A mean accuracy of 95% is okay. But can we do better?

In [223]:
from sklearn.model_selection import KFold
kfold = KFold(n_splits=10, shuffle=True, random_state=4564)
scores = list()
i = 0

for train_i, test_i in kfold.split(X_train):
    
    i +=1 

    # Grab the train and test data for this split.
    X_train_k, Y_train_k = X_train[train_i], Y_train[train_i]
    X_val_k, Y_val_k = X_train[test_i], Y_train[test_i]

    # transform the training data
    scaled_X_train = scaler.transform(X_train_k)
    
    # Fit the model for the training split
    LR_model = LogisticRegression(penalty=None)
    scaled_LR_model = LR_model.fit(scaled_X_train, Y_train_k)

    # transform the validation data
    scaled_X_val = scaler.transform(X_val_k)
    
    # Predict the classes for the validation examples.
    y_pred = scaled_LR_model.predict(scaled_X_val)

    # calculate the score 
    k_score = accuracy_score(Y_val_k, y_pred)
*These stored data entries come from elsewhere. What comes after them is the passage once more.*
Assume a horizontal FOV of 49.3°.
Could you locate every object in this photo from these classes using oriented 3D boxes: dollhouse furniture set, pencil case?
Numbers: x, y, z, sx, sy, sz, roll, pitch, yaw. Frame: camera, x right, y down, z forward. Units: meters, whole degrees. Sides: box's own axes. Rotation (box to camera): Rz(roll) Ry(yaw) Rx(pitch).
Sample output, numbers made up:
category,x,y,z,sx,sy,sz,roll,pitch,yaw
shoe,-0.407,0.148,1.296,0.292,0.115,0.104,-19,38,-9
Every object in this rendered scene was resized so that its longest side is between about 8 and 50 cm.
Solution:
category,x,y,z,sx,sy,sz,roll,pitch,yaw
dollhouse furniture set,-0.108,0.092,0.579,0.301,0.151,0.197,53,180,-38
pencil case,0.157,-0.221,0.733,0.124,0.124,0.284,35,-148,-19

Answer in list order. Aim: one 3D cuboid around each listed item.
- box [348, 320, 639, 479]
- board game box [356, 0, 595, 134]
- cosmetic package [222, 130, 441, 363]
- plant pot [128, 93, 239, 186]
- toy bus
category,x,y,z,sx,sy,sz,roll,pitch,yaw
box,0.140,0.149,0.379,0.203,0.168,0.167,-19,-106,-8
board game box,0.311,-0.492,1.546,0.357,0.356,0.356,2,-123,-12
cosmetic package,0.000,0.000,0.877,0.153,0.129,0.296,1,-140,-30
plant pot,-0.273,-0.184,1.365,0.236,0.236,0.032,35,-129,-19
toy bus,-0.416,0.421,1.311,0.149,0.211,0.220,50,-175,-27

    print ("Fold %i. %i training examples (%i positive). %i validation examples (%i positive). Accuracy %.2f" % 
           (i, X_train_k.shape[0], np.sum(Y_train_k), X_test_k.shape[0], np.sum(Y_test_k), k_score))
    scores.append(k_score)

Fold 1. 358 training examples (240 positive). 45 validation examples (27 positive). Accuracy 1.00
Fold 2. 358 training examples (233 positive). 45 validation examples (27 positive). Accuracy 0.95
Fold 3. 358 training examples (232 positive). 45 validation examples (27 positive). Accuracy 1.00
Fold 4. 358 training examples (233 positive). 45 validation examples (27 positive). Accuracy 0.95
Fold 5. 358 training examples (233 positive). 45 validation examples (27 positive). Accuracy 0.97
Fold 6. 358 training examples (234 positive). 45 validation examples (27 positive). Accuracy 1.00
Fold 7. 358 training examples (232 positive). 45 validation examples (27 positive). Accuracy 0.97
Fold 8. 358 training examples (235 positive). 45 validation examples (27 positive). Accuracy 0.93
Fold 9. 359 training examples (234 positive). 45 validation examples (27 positive). Accuracy 0.95
Fold 10. 359 training examples (234 positive). 45 validation examples (27 positive). Accuracy 0.95




In [224]:
np.mean(scores)

np.float64(0.9672435897435898)

A slight improvement to 97%, so a 2% improvement. This might not seem like a lot, but when you are going from 92% -> 95% -> 97%, 2% is nearly half of the possible improvement. 

## Conclusion

You should now have what you need to get started. 

Go find your data. 

Load in your data (sklearn will happily take pandas dataframes). 

Convert the thing you want to predict into numbers. 

Divide into test-train. 

Use crossvalidation to test a simply logistic regression model on your data, with and without scaling and centring. 

Also try with and without log transformation.